The release as a whole captures and re-energises the sounds and pop-based-stylings of bands such as Green Day, later-era Against Me!, The Strokes and at times The Cars – coalescing into a confident, thunderous and powerful explosion waiting to be unleashed at the press of the play button. The EP stands firmly as a fantastic debut, and remains dynamic throughout. The excellent production on the record brings forth cannon-like drums, riffs as big as a house, and helps the listener embrace the urgency of the band.
With the heavy beat of the kick and snare, ‘Supersonic Pulse’ swings into action to open the EP and set the tone of the record. The roaring crisp and harmonized vocals, rolling bass groove, gritty guitars and inflating song structure produce a unanimous flow that takes the listener on a ride towards a climactic chorus that shines bright. My personal favourite song on the release is “She’s a Hero”. It’s gritty, full of raw attitude and possesses the tastiest chorus riff doing the rounds that demands heads to bang. Thomas unleashes his talent with flashy soloing laden with squealing harmonics and bends that make the guitar resonate fiercely.
Keeping the energy levels at the maximum, the band plummet into “Underneath The Sun” – a staple in their live set that presents a more pop-punk feel in comparison to the previous two tracks. The song with its punk-rock urgency is highly reflective of bands like Green Day and The Offspring in their prime, and proudly showcases the pop-structuring of their songs clearly. This is notable with the pause towards the end of the song which is succeeded by a punchy revival of the chorus, with half time changes.

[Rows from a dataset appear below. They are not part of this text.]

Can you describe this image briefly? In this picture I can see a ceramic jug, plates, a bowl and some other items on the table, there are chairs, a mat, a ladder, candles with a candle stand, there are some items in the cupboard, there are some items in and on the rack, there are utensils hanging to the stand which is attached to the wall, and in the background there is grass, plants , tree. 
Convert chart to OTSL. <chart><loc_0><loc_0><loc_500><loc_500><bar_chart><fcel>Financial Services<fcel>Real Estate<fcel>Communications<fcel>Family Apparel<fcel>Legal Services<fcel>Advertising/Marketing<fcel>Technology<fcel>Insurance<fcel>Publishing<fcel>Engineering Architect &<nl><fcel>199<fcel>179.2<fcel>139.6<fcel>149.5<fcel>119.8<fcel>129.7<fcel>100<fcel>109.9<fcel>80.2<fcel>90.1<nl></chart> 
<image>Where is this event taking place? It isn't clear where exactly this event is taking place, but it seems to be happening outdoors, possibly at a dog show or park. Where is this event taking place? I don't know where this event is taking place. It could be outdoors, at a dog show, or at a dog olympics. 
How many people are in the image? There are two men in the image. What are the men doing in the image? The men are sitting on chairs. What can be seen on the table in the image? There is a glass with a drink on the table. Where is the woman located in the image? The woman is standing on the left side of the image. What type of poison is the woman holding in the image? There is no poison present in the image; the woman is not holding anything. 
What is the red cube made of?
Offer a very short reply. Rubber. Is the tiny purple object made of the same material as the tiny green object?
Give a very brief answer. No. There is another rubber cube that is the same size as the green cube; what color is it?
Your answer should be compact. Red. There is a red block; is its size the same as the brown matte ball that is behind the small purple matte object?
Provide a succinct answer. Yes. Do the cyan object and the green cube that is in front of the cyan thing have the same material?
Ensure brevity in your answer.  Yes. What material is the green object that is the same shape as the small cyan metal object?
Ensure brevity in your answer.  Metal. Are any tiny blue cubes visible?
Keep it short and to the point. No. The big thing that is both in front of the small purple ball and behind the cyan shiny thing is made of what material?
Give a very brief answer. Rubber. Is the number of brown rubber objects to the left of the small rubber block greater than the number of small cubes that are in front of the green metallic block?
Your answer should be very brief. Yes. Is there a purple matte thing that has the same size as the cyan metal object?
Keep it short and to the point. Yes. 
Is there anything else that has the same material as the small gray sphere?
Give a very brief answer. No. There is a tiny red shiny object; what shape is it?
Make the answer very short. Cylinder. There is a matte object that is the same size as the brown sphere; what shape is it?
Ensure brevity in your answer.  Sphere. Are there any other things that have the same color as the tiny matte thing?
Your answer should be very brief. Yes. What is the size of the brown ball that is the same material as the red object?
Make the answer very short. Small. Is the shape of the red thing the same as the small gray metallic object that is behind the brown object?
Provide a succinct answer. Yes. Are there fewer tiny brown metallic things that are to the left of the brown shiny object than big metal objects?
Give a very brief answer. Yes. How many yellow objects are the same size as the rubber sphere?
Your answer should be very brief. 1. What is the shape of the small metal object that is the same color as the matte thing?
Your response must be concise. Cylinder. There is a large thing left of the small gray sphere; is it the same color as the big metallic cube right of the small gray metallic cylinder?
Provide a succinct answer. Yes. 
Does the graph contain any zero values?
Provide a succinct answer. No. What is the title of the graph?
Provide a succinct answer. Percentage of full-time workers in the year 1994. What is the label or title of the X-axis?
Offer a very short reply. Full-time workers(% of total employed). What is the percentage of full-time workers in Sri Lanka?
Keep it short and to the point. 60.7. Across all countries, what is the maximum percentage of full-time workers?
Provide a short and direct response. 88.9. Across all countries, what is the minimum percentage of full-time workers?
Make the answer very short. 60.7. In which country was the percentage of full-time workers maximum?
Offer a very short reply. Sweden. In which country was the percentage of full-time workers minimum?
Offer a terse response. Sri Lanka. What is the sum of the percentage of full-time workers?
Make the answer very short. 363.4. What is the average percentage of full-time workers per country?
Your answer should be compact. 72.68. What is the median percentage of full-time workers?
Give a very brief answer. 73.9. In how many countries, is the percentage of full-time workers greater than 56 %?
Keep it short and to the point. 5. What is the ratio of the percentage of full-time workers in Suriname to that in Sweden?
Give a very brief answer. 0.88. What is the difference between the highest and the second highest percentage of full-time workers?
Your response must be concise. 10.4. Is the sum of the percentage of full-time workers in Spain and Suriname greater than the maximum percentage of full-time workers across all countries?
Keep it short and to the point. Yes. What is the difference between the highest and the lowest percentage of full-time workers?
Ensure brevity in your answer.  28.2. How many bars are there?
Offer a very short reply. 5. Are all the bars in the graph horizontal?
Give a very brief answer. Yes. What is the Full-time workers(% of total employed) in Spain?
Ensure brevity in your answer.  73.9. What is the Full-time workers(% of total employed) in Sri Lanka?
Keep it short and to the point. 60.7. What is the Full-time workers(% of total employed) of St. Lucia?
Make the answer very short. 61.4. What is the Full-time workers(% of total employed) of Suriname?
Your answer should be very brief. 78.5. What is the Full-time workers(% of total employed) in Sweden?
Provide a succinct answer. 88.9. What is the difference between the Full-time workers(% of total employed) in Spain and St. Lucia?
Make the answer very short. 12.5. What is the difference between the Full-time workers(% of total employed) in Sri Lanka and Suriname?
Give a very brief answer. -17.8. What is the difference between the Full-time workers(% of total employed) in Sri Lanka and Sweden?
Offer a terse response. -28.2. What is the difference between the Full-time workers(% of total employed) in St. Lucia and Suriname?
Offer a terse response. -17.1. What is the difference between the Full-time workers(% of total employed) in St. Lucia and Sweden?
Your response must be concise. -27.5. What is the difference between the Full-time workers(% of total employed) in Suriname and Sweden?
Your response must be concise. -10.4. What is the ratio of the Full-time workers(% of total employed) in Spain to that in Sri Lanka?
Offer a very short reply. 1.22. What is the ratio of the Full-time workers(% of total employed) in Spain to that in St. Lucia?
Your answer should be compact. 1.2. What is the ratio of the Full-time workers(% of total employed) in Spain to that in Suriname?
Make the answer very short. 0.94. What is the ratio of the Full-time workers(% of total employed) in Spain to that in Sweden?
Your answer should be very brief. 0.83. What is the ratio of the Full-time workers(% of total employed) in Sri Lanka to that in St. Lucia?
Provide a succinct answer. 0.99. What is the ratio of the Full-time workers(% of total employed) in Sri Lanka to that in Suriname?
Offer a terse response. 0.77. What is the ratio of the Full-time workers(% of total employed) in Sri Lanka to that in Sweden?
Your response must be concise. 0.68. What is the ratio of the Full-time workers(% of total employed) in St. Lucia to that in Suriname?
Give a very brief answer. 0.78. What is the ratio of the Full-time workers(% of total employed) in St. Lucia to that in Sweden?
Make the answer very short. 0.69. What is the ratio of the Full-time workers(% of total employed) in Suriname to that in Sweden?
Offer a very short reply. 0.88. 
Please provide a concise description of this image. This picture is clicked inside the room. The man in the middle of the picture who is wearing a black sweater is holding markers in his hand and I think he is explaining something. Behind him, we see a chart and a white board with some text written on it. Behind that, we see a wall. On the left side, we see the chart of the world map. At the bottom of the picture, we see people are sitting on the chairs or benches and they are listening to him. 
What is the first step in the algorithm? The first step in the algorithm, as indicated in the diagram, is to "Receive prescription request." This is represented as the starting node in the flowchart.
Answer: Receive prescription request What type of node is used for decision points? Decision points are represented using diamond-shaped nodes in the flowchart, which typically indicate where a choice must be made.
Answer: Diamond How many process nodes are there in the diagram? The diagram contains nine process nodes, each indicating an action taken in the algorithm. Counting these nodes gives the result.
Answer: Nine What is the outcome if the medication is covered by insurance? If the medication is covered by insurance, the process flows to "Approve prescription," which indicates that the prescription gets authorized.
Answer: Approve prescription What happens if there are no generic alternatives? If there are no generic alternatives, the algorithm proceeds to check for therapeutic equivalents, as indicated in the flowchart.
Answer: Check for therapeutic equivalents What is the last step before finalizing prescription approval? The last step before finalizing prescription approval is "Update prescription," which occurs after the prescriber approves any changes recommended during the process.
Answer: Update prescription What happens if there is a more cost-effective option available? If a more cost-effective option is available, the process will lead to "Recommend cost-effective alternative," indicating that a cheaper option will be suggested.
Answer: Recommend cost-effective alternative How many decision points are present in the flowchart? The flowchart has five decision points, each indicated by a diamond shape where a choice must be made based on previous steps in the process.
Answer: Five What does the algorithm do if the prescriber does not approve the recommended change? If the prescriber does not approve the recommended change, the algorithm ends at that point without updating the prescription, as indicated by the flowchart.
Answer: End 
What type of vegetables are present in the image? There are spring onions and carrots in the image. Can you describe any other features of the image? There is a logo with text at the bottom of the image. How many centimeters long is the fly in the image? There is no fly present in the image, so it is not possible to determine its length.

To close the release, “Another Soul for Sale” ties up this hard-hitting record on a compelling note in tune to their more 90’s influences – although it maintains that gripping energy and catchy hooks – the song has more effective, tugging-at-the-heart-strings theme at play reflective in the instrumentation and dynamics. The ringing tonation of the bass line catching my ear, the drums pulsating in tandum with the stabbing guitars, and whirling solos gliding along the bridge are highlights for me on this track.